12. Small Organizations. Nationwide, as of 2002, there are
approximately 1.6 million small organizations. A ``small organization''
is generally ``any not-for-profit enterprise which is independently
owned and operated and is not dominant in its field.''
13. Small Governmental Jurisdictions. The term ``small governmental
jurisdiction'' is defined generally as ``governments of cities, towns,
townships, villages, school districts, or special districts, with a
population of less than fifty thousand.'' Census Bureau data for 2002
indicate that there were 87,525 local governmental jurisdictions in the
United States. We estimate that, of this total, 84,377 entities were
``small governmental jurisdictions.'' Thus, we estimate that most
governmental jurisdictions are small.
14. We have included small incumbent local exchange carriers in
this present RFA analysis. As noted above, a ``small business'' under
the RFA is one that, inter alia, meets the pertinent small business
size standard (e.g., a telephone communications business having 1,500
or fewer employees), and ``is not dominant in its field of operation.''
The SBA's Office of Advocacy contends that, for RFA purposes, small
incumbent local exchange carriers are not dominant in their field of
operation because any such dominance is not ``national'' in scope. We
have therefore included small incumbent local exchange carriers in this
RFA analysis, although we emphasize that this RFA action has no effect
on Commission analyses and determinations in other, non-RFA contexts.
15. Competitive Local Exchange Carriers (``CLECs''), Competitive
Access Providers (``CAPs''), ``Shared-Tenant Service Providers,'' and
``Other Local Service Providers.'' Neither the Commission nor the SBA
has developed a small business size standard specifically for these
service providers. The appropriate size standard under SBA rules is for
the category Wired Telecommunications Carriers. Under that size
standard, such a business is small if it has 1,500 or fewer employees.

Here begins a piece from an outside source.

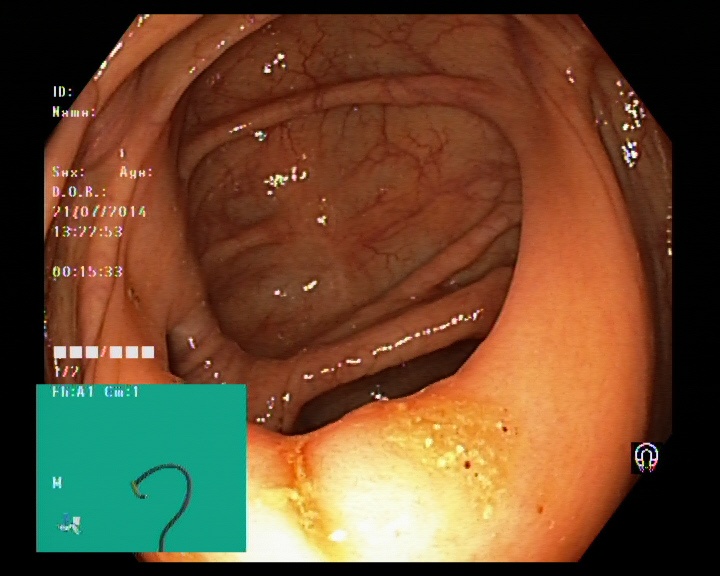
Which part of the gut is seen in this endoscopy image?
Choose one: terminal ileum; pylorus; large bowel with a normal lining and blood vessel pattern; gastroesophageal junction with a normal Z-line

large bowel with a normal lining and blood vessel pattern

According to Commission data, 1005 carriers have reported that they are
engaged in the provision of either competitive access provider services
or competitive local exchange carrier services. Of these 1005 carriers,
an estimated 918 have 1,500 or fewer employees and 87 have more than
1,500 employees. In addition, 16 carriers have reported that they are
``Shared-Tenant Service Providers,'' and all 16 are estimated to have
1,500 or fewer employees. In addition, 89 carriers have reported that
they are ``Other Local Service Providers.'' Of the 89, all have 1,500
or fewer employees. Consequently, the Commission estimates that most
providers of competitive local exchange service, competitive access
providers, ``Shared-Tenant Service Providers,'' and ``Other Local
Service Providers'' are small entities that may be affected by our
action.
16. Wireless Telecommunications Carriers (except Satellite). Since
2007, the Census Bureau has placed wireless firms within this new,
broad, economic census category. Prior to that time, such firms were
within the now-superseded categories of ``Paging'' and ``Cellular and
Other Wireless Telecommunications.'' Under the present and prior
categories, the SBA has deemed a wireless business to be small if it
has 1,500 or fewer employees. Because Census Bureau data are not yet
available for the new category, we will estimate small business
prevalence using the prior categories and associated data. For the
category of Paging, data for 2002 show that there were 807 firms that
operated for the entire year. Of this total, 804 firms had employment
of 999 or fewer employees, and three firms had employment of 1,000
employees or more. For the category of Cellular and Other Wireless
Telecommunications, data for 2002 show that there were 1,397 firms that
operated for the entire year. Of this total, 1,378 firms had employment
of 999 or fewer employees, and 19 firms had employment of 1,000
employees or more. Thus, we estimate that the majority of wireless
firms are small.
17. 2.3 GHz Wireless Communications Services. This service can be
used for fixed, mobile, radiolocation, and digital audio broadcasting
satellite uses. The Commission defined ``small business'' for the
wireless communications services (``WCS'') auction as an entity with
average gross revenues of $40 million for each of the three preceding
years, and a ``very small business'' as an entity with average gross
revenues of $15 million for each of the three preceding years. The SBA
has approved these definitions. The Commission auctioned geographic
area licenses in the WCS service. In the auction, which was conducted
in 1997, there were seven bidders that won 31 licenses that qualified
as very small business entities, and one bidder that won one license
that qualified as a small business entity.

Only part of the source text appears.